O Amor Segundo B. Schianberg

15Por Rodrigo de Oliveira

Lembra daquele filme do cineasta britânico Michael Winterbottom chamado 9 Canções? Aquele no qual um casal vai a vários shows no Brixton Academy, em Londres, conversam coisas sem importância e fazem muito sexo? Bom, retire os números musicais e o sexo explícito e você pode ter uma idéia do que é O Amor Segundo B. Schianberg, mais recente trabalho do cineasta Beto Brant. Não quero dizer com isso que este longa-metragem sofre de falta de criatividade ou que não é interessante. Pelo contrário. Mas não pude deixar de fazer a relação entre estes dois trabalhos assim que assistia a essa peculiar obra audiovisual do diretor de O Invasor e Cão Sem Dono, feita originalmente para a TV Cultura.
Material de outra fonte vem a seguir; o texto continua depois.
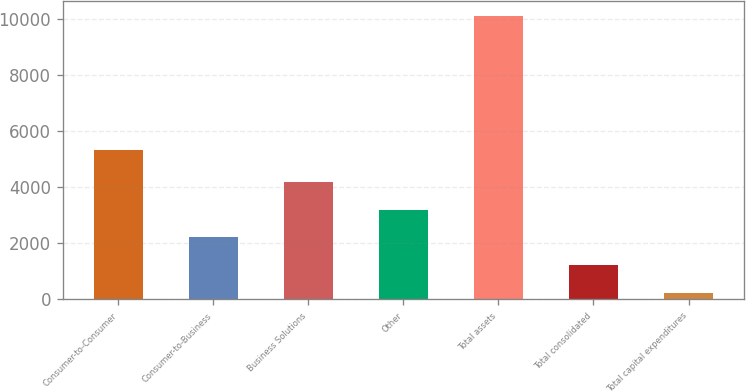Convert chart to OTSL. <chart><loc_0><loc_0><loc_500><loc_500><bar_chart><fcel>Consumer-to-Consumer<fcel>Consumer-to-Business<fcel>Business Solutions<fcel>Other<fcel>Total assets<fcel>Total consolidated<fcel>Total capital expenditures<nl><fcel>5321.9<fcel>2217.3<fcel>4193.3<fcel>3205.3<fcel>10121.3<fcel>1229.3<fcel>241.3<nl></chart>

É com Cão sem Dono, aliás, que Amor Segundo B. Schianberg encontra maiores relações. Em comparação, parece que Beto Brant estava experimentando com aquele filme uma forma leve de mostrar cenas cotidianas, em relação à total desdramatização apresentada neste novo longa-metragem. O que o cineasta faz é convidar o espectador para ser um vouyer da situação daquele casal, dentro daquele apartamento. E por mais low-fi que a experiência possa ter saído – a imagem da câmera é saturadíssima e os diálogos, não raro, são inaudíveis – posso dizer que saí satisfeito da sala de cinema

Na “trama”, baseada livremente no personagem Beto Schianberg do livro Eu Receberia as Piores Notícias dos seus Lindos Lábios, de Marçal Aquino, acompanhamos alguns dias na vida do ator Félix (Gustavo Machado) e da videoartista Gala (Marina Previato). Ele, em cartaz com uma peça de teatro, vive no apartamento dela. Ela, montando uma videoarte que só nos é revelada no desfecho. A relação amorosa entre os dois é o fio condutor deste filme experimental, sem roteiro, que traz à baila temas como a arte, o amor e o choque entre os dois.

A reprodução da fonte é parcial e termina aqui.